▶ Record excerpts
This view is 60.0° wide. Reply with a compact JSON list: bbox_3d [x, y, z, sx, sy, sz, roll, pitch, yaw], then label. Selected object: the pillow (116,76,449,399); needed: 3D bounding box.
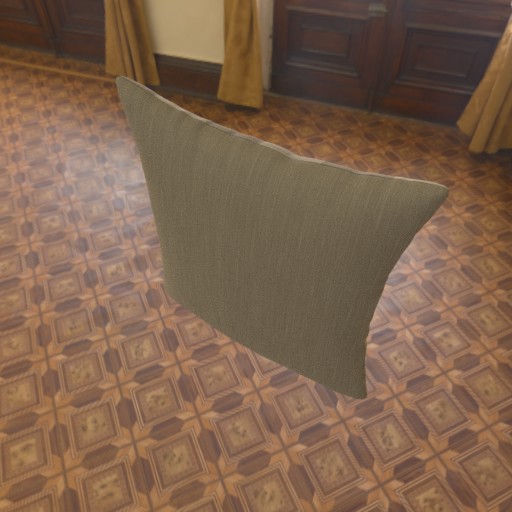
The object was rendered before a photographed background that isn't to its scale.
[{"bbox_3d":[0.000,0.000,0.767,0.511,0.509,0.161,26,52,22],"label":"pillow"}]
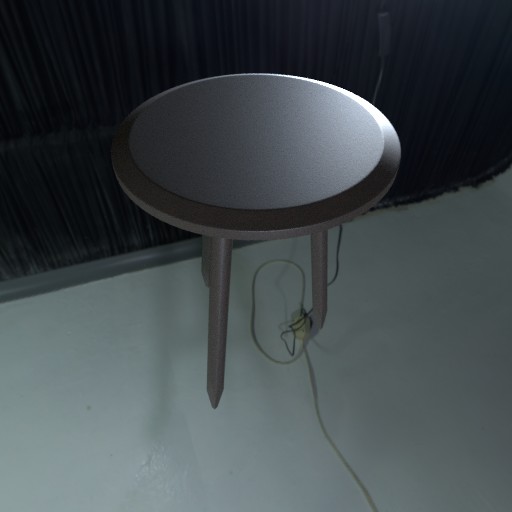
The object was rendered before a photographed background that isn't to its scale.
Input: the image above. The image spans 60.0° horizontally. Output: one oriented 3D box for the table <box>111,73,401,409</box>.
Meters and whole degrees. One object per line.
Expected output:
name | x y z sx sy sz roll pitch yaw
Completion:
table | 0.000 0.000 0.920 0.457 0.585 0.457 0 46 0
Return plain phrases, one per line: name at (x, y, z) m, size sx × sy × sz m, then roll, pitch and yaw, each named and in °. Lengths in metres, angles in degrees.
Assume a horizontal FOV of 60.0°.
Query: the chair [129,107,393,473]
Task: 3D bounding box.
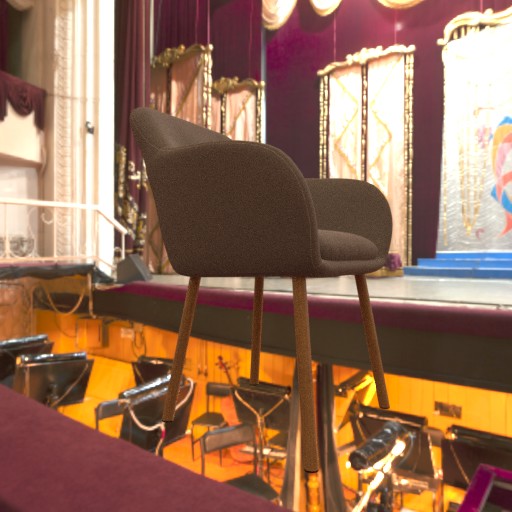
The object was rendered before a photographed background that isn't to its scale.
chair at (0.000, 0.000, 1.196) m, size 0.590 × 0.830 × 0.570 m, roll 0°, pitch 0°, yaw 35°
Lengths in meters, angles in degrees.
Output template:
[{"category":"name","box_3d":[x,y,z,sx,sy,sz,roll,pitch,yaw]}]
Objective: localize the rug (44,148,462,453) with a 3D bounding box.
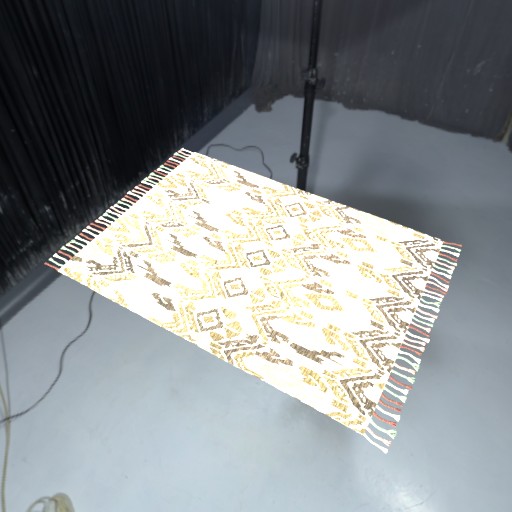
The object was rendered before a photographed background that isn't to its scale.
[{"category":"rug","box_3d":[0.000,0.000,2.288,1.829,0.008,1.219,23,52,20]}]
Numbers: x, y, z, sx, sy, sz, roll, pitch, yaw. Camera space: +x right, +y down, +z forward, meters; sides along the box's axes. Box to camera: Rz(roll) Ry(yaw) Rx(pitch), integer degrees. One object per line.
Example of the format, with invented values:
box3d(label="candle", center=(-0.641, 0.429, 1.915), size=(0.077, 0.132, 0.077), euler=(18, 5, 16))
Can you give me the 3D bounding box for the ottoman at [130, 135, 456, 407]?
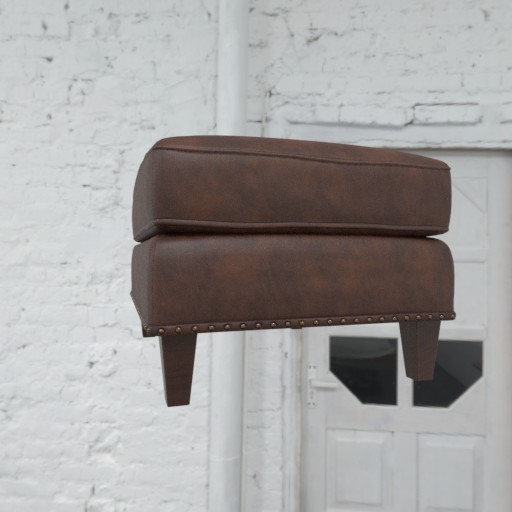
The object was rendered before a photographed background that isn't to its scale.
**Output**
box3d(label="ottoman", center=(0.000, 0.000, 1.109), size=(0.586, 0.486, 0.742), euler=(0, 0, -18))
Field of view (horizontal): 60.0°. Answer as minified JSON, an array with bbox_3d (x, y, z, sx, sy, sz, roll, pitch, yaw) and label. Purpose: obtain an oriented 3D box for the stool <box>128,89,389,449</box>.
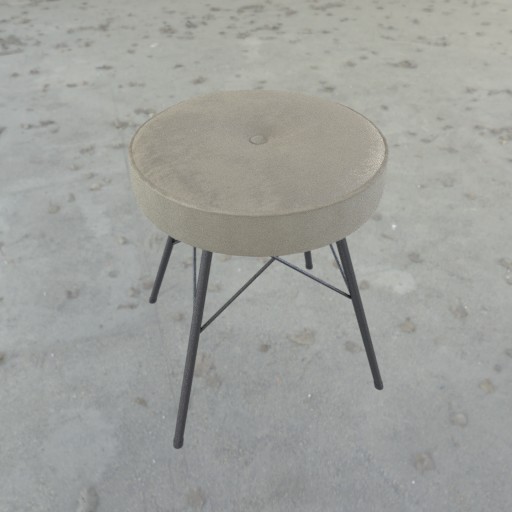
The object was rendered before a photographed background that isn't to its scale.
[{"bbox_3d":[0.000,0.000,0.876,0.457,0.538,0.423,-11,43,-13],"label":"stool"}]
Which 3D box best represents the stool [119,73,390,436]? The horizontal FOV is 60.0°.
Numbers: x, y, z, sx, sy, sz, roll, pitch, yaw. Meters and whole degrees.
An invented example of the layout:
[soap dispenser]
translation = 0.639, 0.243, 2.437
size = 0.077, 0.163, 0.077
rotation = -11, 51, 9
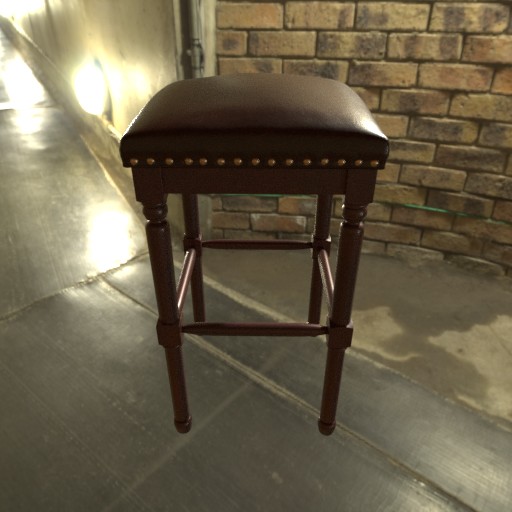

▶ Task details
Please give the number of lines in the entries above that hold "view", with no other text.

▶ Solution for this exercise
2